Is this really about dynamic

Is this really about dynamic vs. lexical scope? Dynamic scope would seem to be a "control flow" scope? Common Lisp allows both types.

CFG scoping is lexical

I phrased that badly. It is not that the scope is non-lexical; it is that it doesn't correspond to standard lexical nesting. Although this is not a precise description, it is rather as though the scope works like this:

(loop
   (subloop (loop (for colour in-vector colours)    ⎫   ))
   (subloop (for line in lines)                     ⎭↴  )
 ↳(save (coloured-line line colour)))

That is, the lexical context splits between the subloops, but then rejoins and flows into the (non-contained) (save …). That mirrors the execution flow: the two subloops are iterated in parallel, and the remaining clauses are evaluated once both subiterations have come up with a binding, but it is not dynamic scoping: the scope is entirely static.
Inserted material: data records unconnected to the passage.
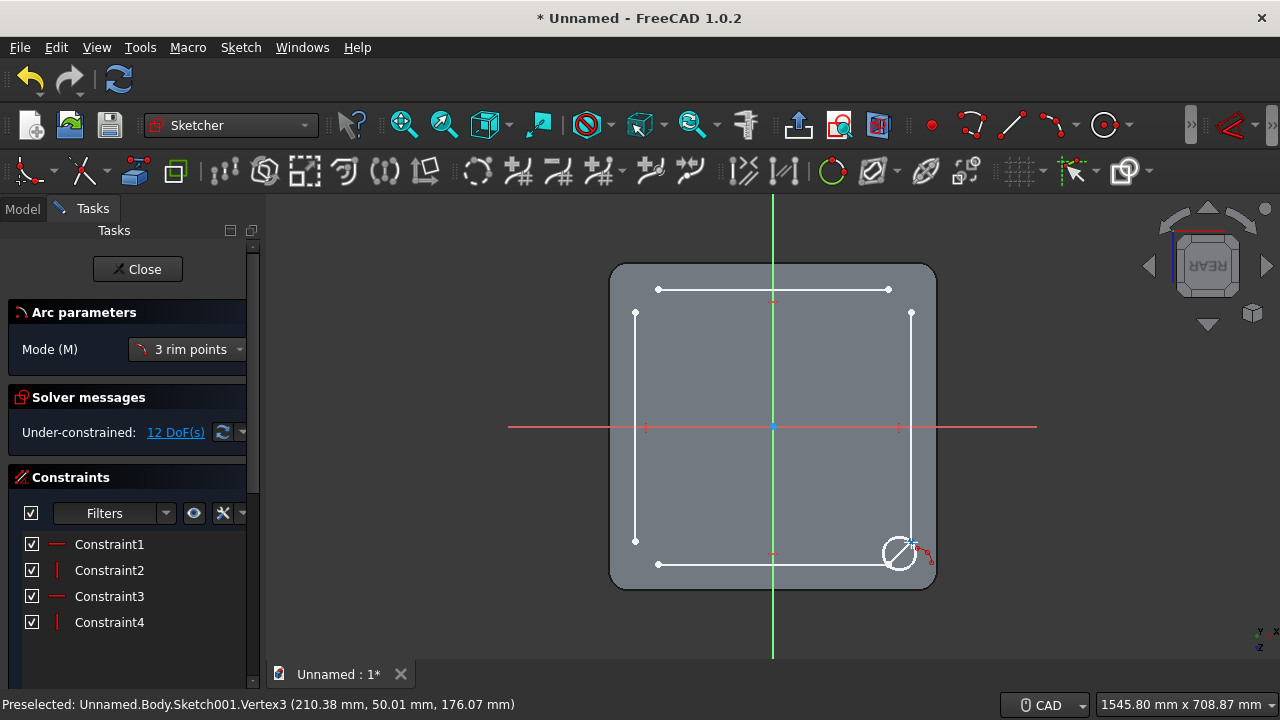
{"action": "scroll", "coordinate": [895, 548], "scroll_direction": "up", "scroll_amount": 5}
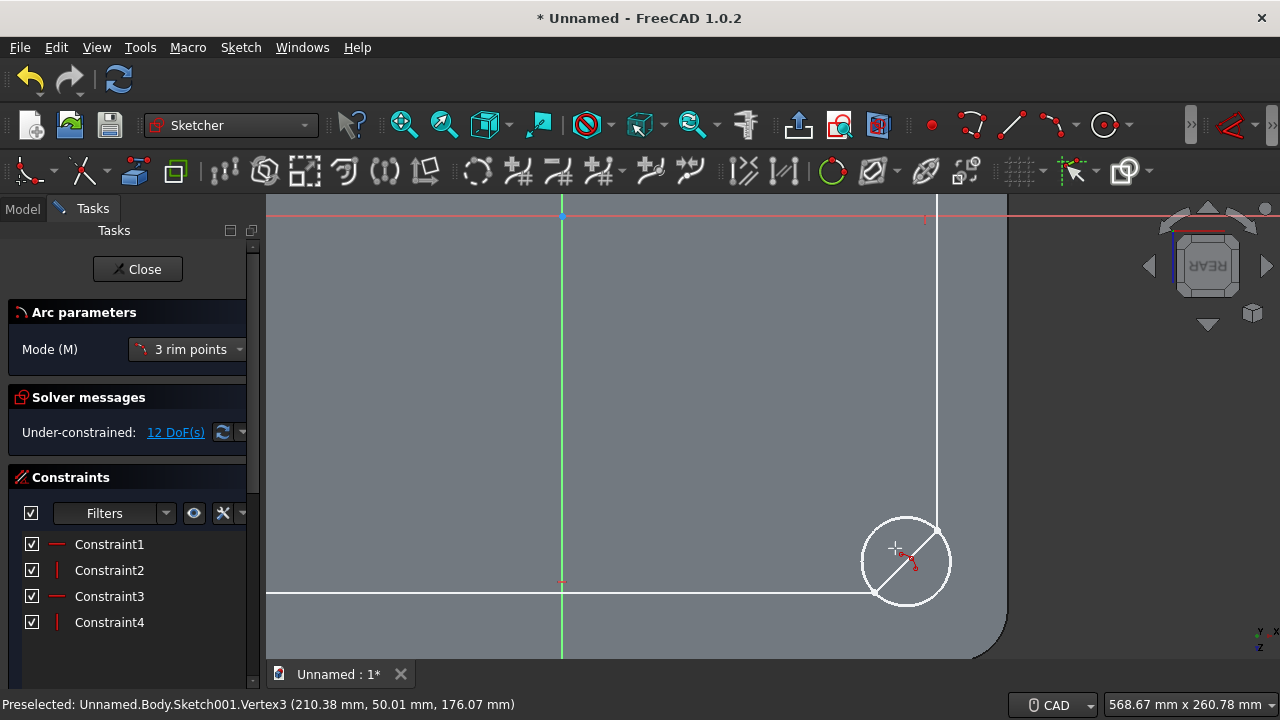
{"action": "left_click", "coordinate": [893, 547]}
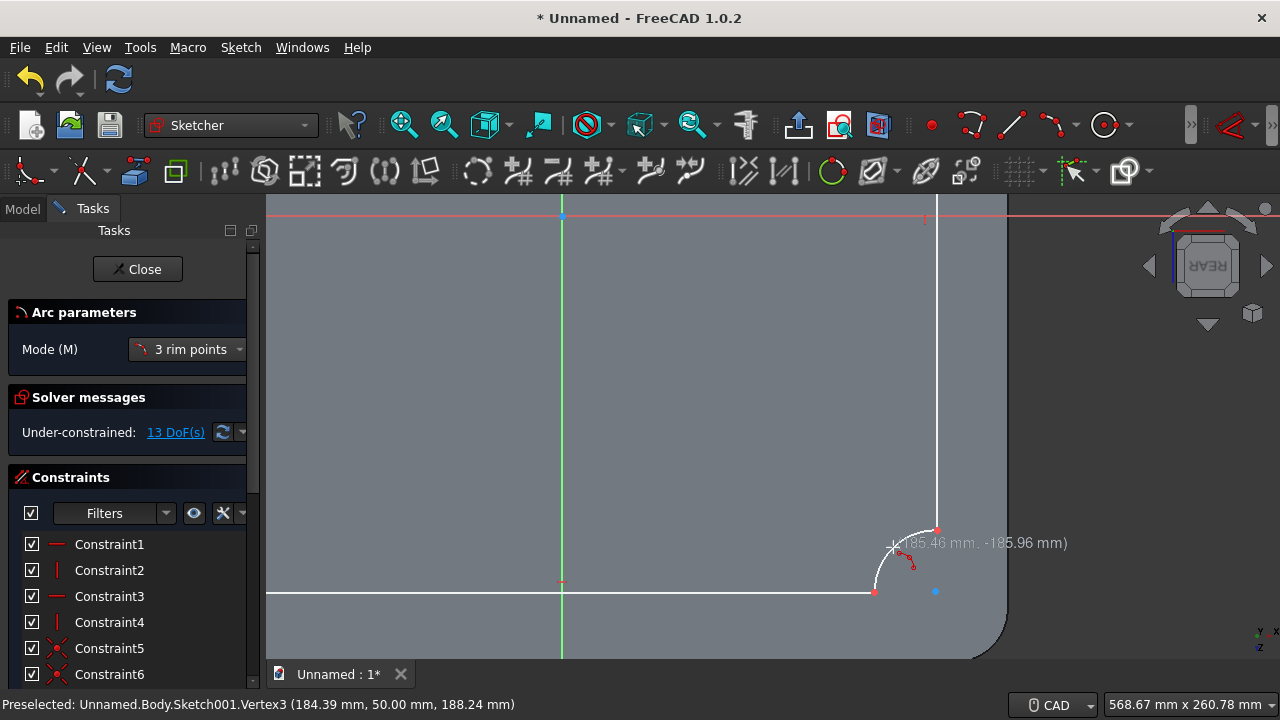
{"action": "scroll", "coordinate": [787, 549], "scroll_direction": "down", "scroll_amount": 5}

Iteration via delimited continuations

It should be mentioned that

(loop
  (for i in '(1 2 3))
    (for j in '#(4 5 6))
     (display (list i j)))

can be realized as

(loop
  (let ((i (enum-list '(1 2 3))))
    (let ((j (enum-vector '#(11 12 13))))
      (display (list i j))
      (newline))))

where

(define (enum-list l)
  (shift f (for-each f l)))
    
(define (enum-vector v)
  (shift f 
    (let loop ((i 0))
      (if (>= i (vector-length v)) #f
	(begin (f (vector-ref v i)) (loop (+ 1 i)))))))

and loop is just reset. It should be noted
how let plays the role of for. It is
possible to design a bit more complex realization of enumerators, so
that both nested and parallel loops become possible. Switching from a
nested loop to a parallel loop becomes the matter of switching the
top-level form from loop to loop-parallel,
preserving the body of the loop. Chung-chieh Shan suggested that
example.

Oh! is there an implementatio

Oh! is there an implementation of this loop-parallel avaible anywhere (accesable) ?

Any recent developments?

This paper has been on my mind again recently..

Does anyone know of more recent developments with respect to this? Is anyone using it to great effect, etc.